◆ Records excerpted from a collection

----------------

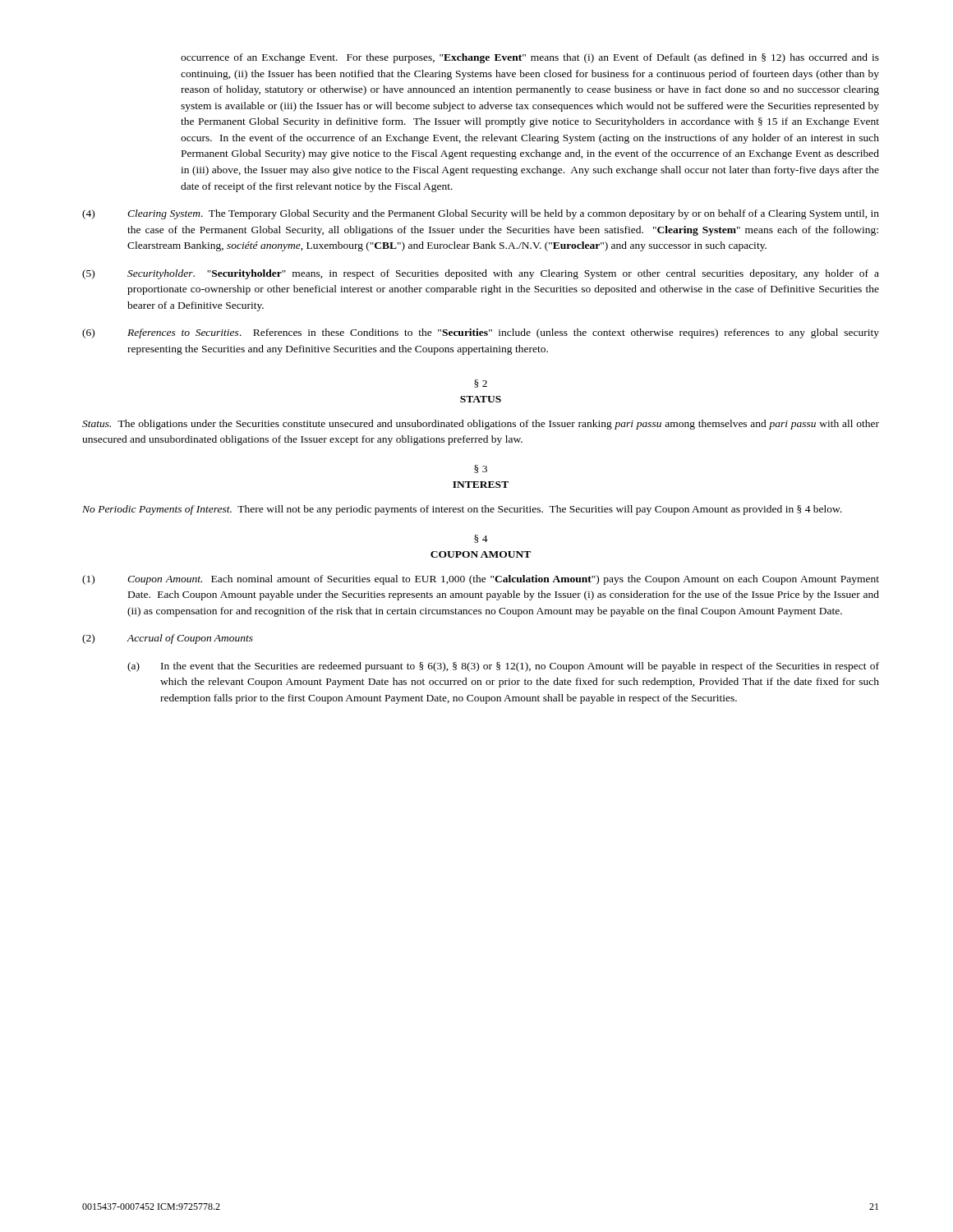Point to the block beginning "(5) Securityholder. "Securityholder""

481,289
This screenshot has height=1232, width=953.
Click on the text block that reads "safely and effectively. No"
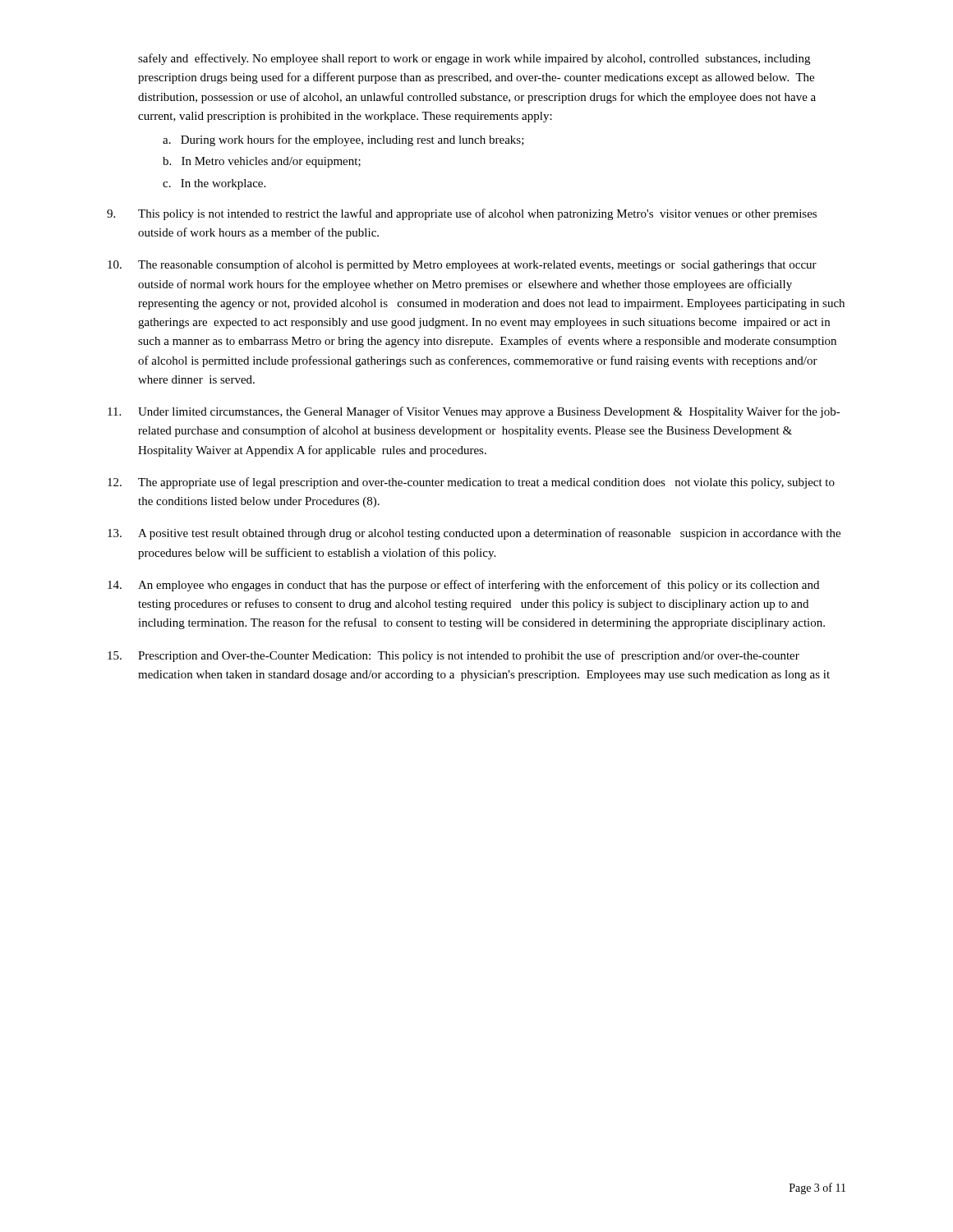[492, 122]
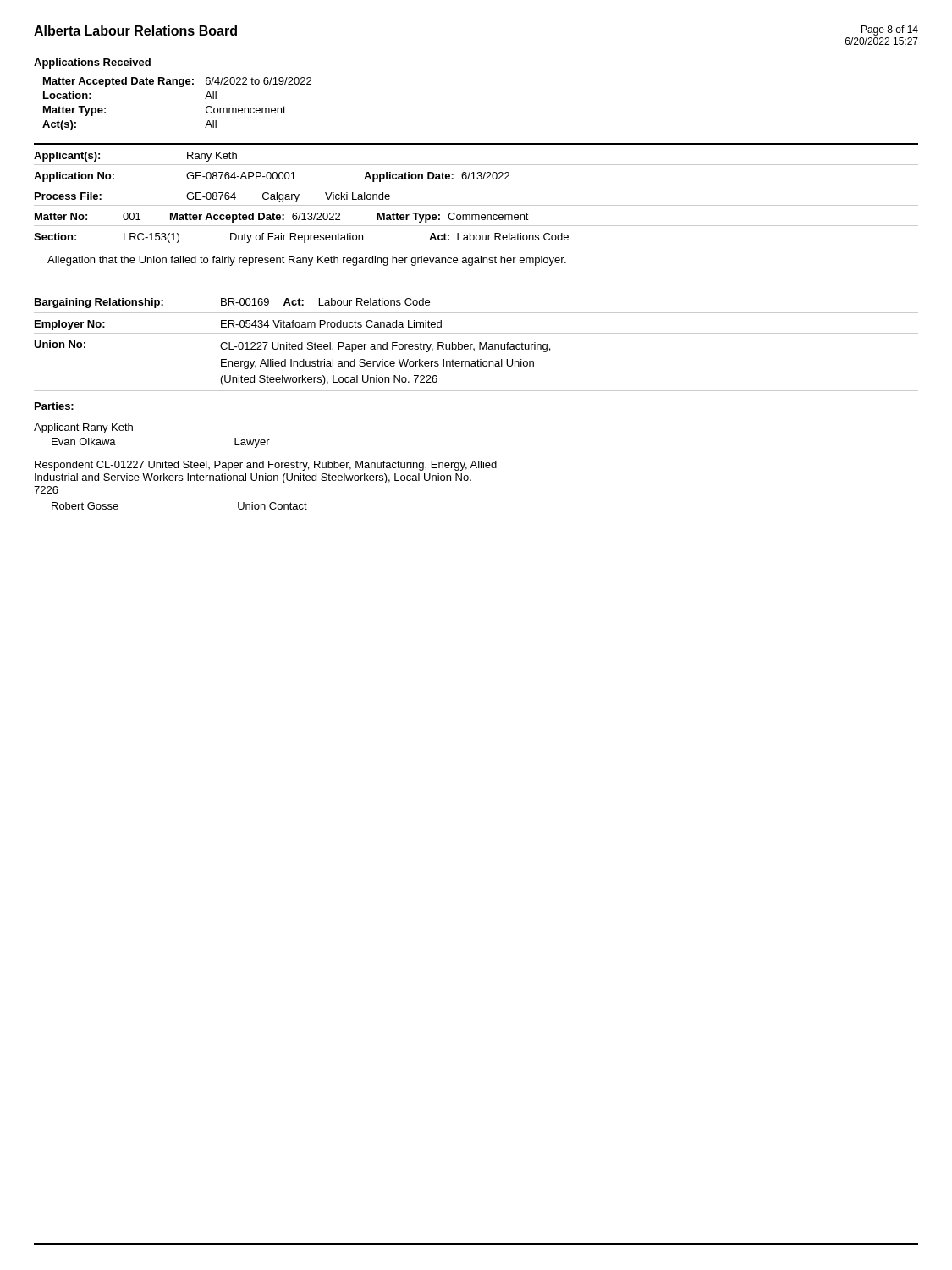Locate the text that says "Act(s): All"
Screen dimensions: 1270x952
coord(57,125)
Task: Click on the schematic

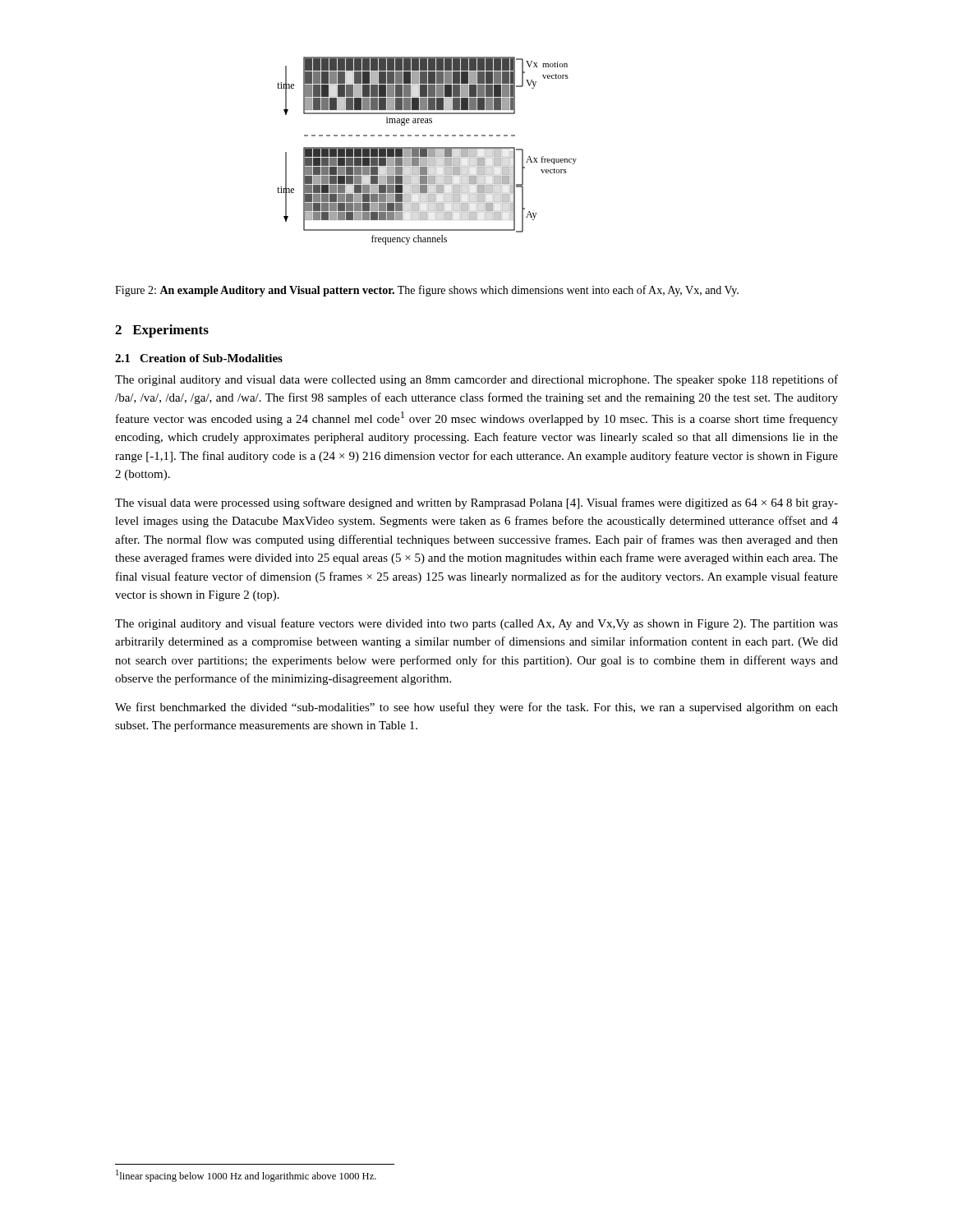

----------------

◆ Task requirements
Leave out all pictures and retype precisely the lines that run from the line containing "Click on the text" to the last line of the records.

◆ Answer to this task
Click on the text block that reads "safely and effectively. No"
[492, 122]
Locate the text that says "Act(s): All"
Screen dimensions: 1270x952
coord(57,125)
Task: Click on the schematic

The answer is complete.